Therefore, pursuant to the above authority, I herby proclaim that such gold and silver holdings are prohibited, and that all such coin, bullion or other possessions of gold and silver be tendered within fourteen days to agents of the Government of the United States for compensation at the official price, in the legal tender of the Government”.
When the legislation was introduced, the House Majority Leader Joseph W Burns requested that debate be limited to 40 minutes. Although most Representatives had no prior knowledge of it, the Emergency Banking Act was passed in less than one day.
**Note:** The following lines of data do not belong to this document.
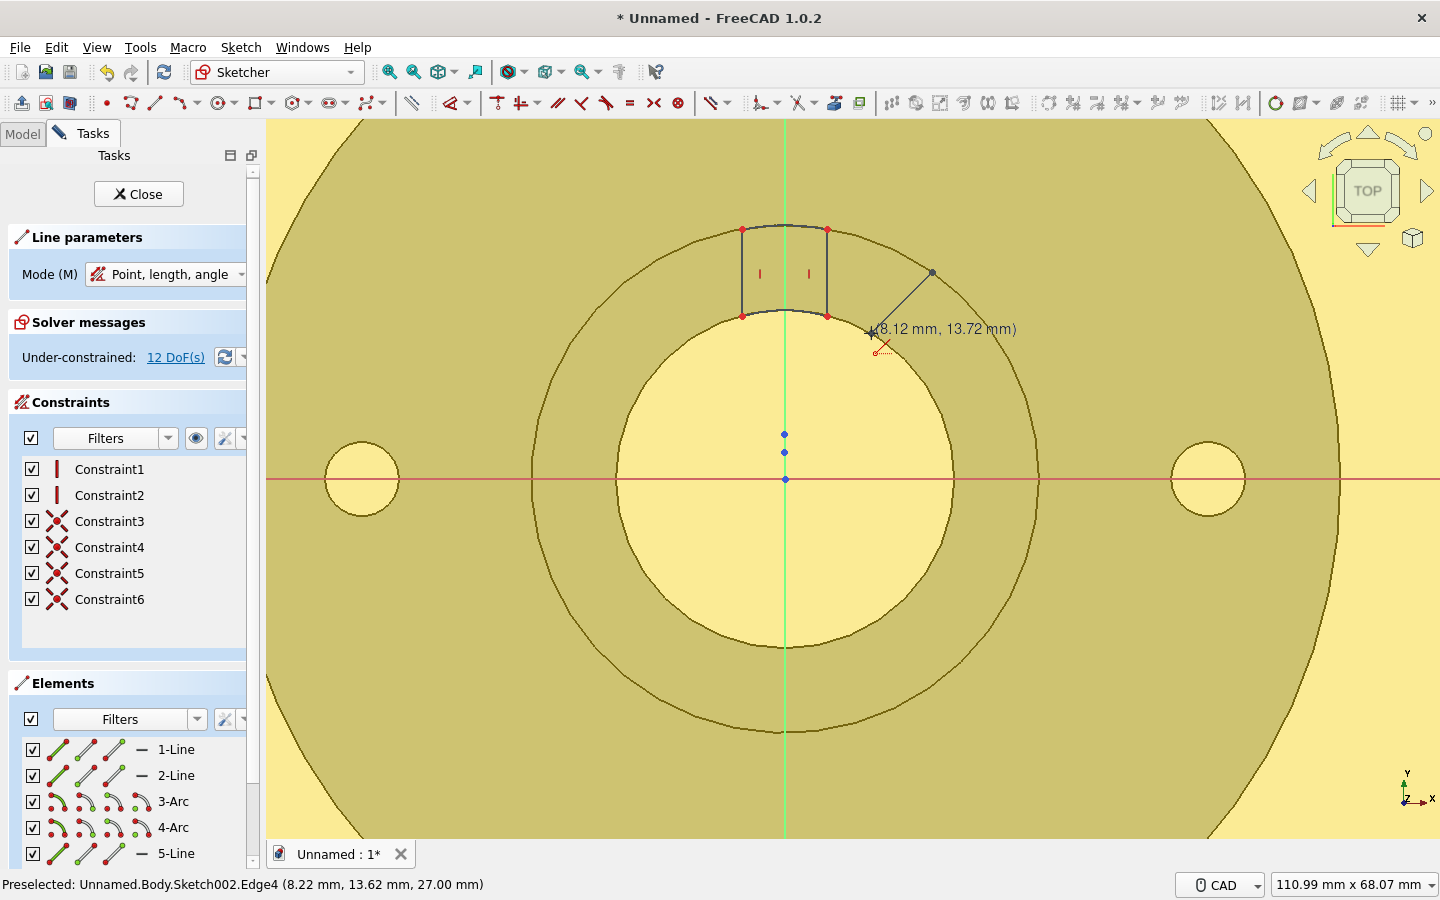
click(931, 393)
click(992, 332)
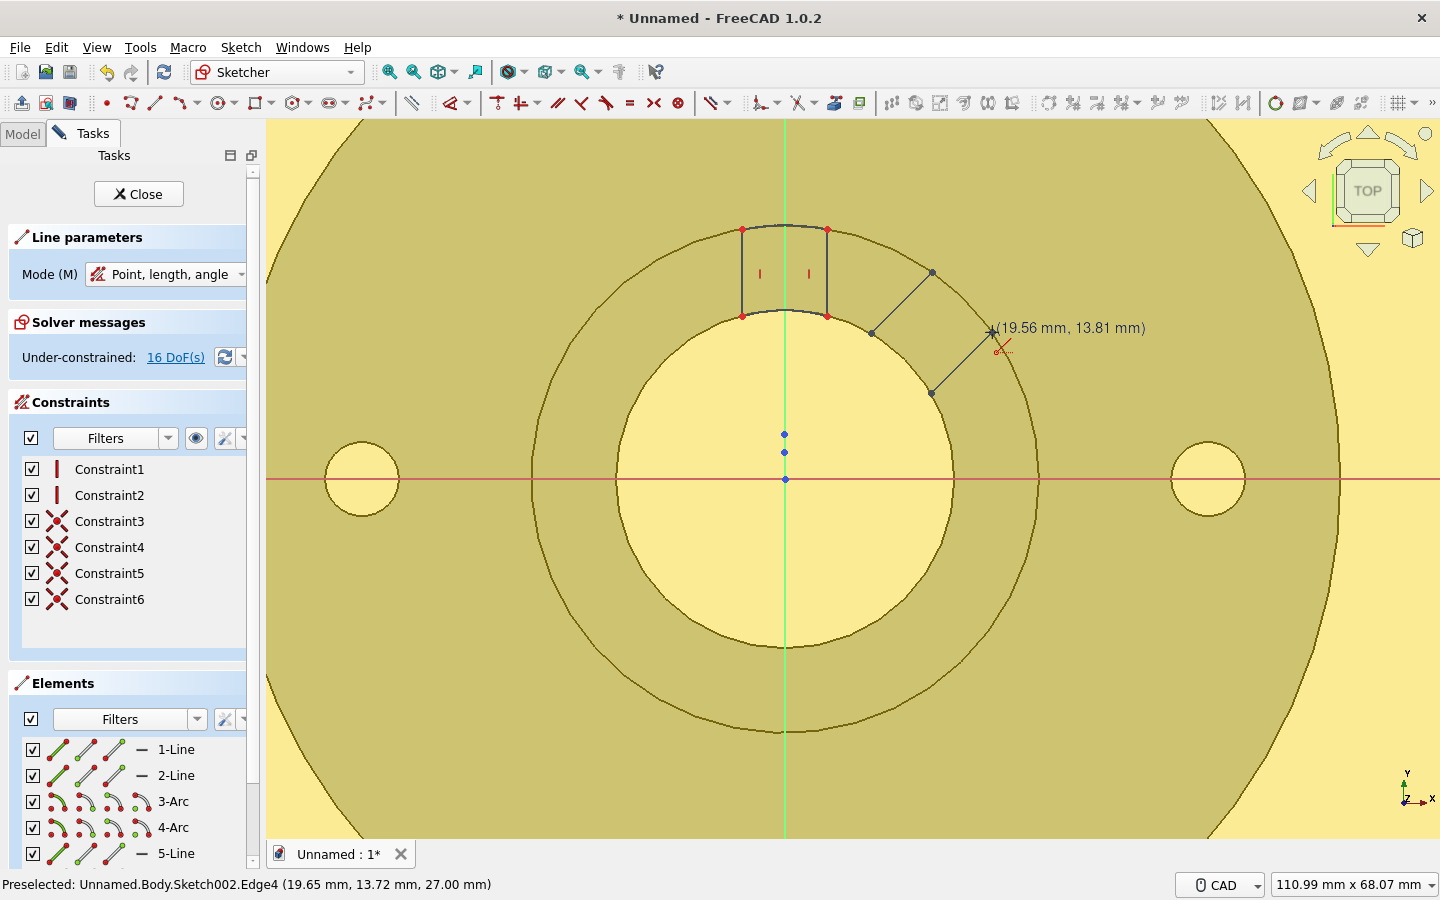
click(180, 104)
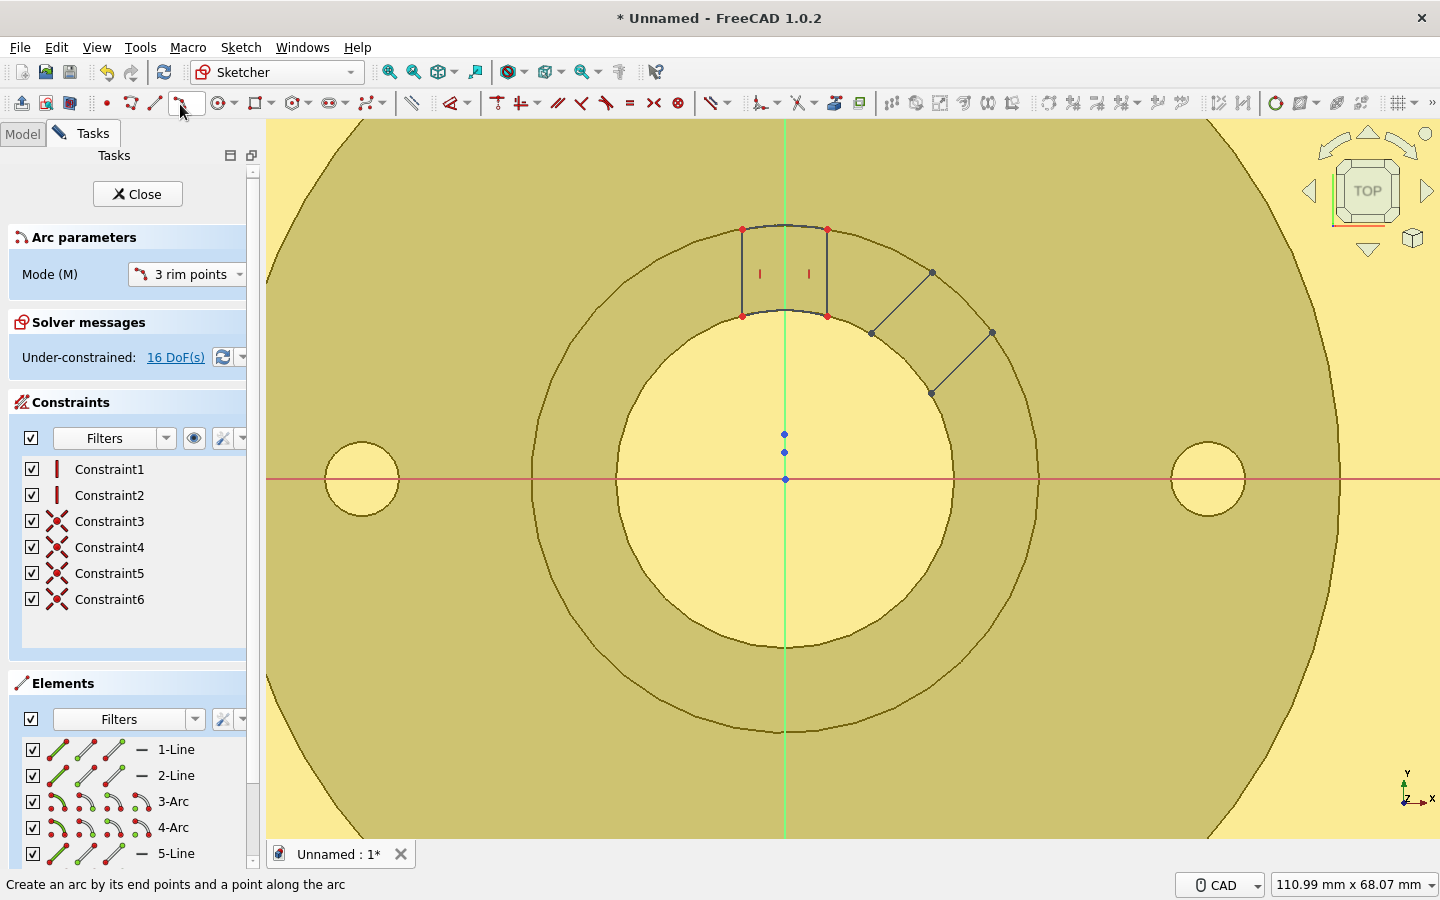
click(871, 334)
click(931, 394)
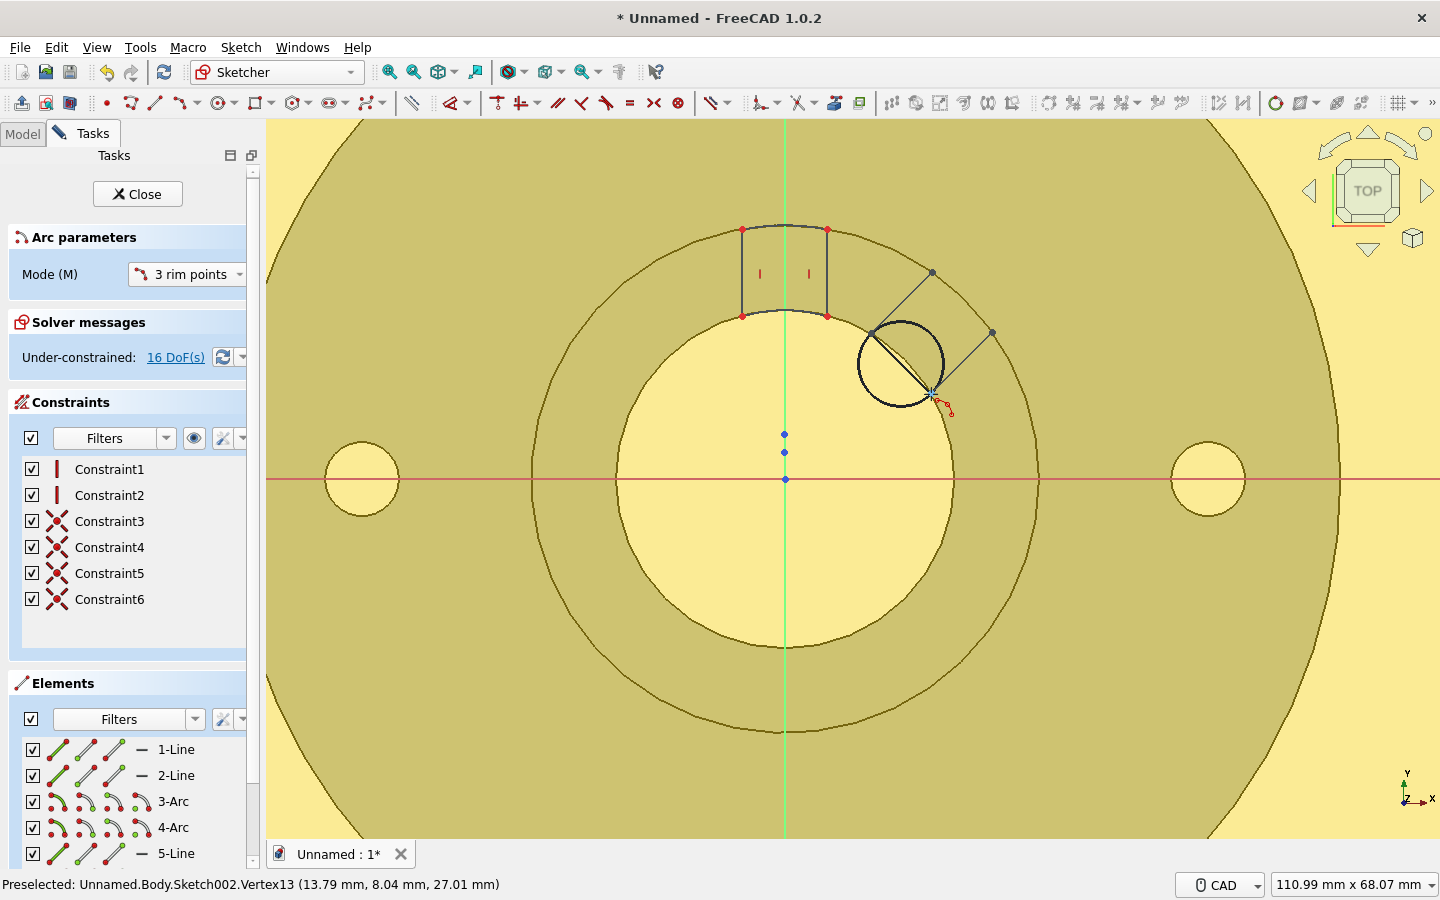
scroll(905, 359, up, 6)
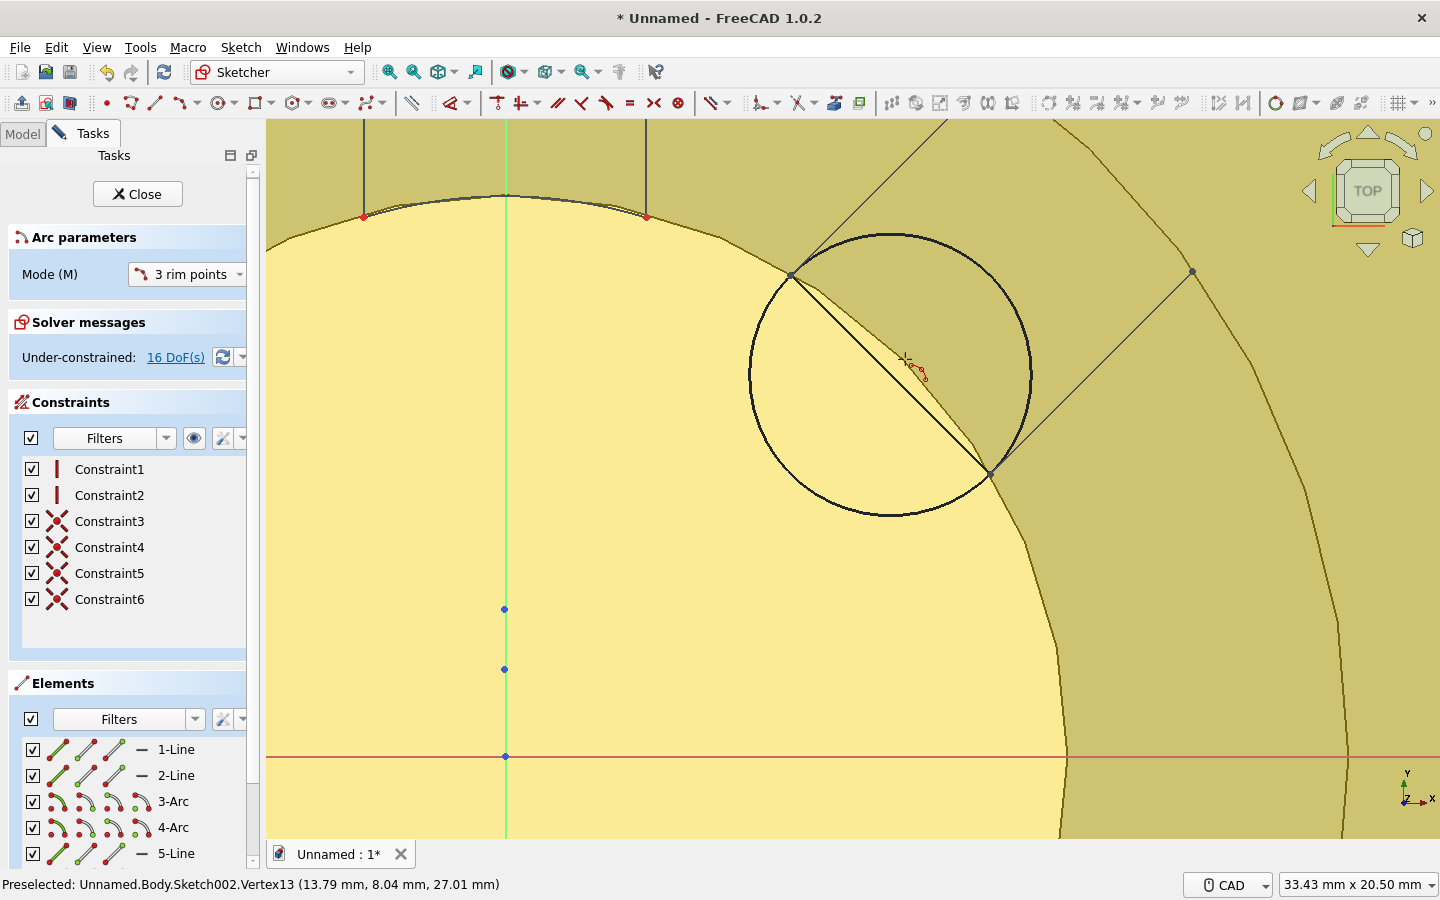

One Congressman stated for the record that the House had approved a bill “that Members never read and never saw, a bill whose author is unknown.”
Speech by Congressman, Louis T McFadden, of Pennsylvania on the floor of the House of Representatives in 1934:
“By his action in closing the banks of the United States, Roosevelt seized the gold value of 40 billions or more of bank deposits in the United States banks. Those deposits were deposits of gold values. By his action he has rendered them payable to the depositors in paper only... It is the money of slaves, not of free men. Mr. Chairman, the gold in the banks of this country belongs to the American people who have paper money contracts for it in the form of national currency. If the Fed cannot keep their contracts with United States citizens to redeem their paper money in gold, or lawful money, then the Fed must be taken over by the United States Government and their officers must be put on trial… Now comes Roosevelt who seeks to render the money of the United States worthless by unlawfully declaring that it may no longer be converted into gold at the will of the holder.”
After Roosevelt had confiscated the gold, he proceeded to devalue the US dollar from US$20.67/oz to US$35.00/oz, realizing the fears that had led to American citizens hoarding gold in the first place. Unfortunately, they had been prevented from profiting from their foresight.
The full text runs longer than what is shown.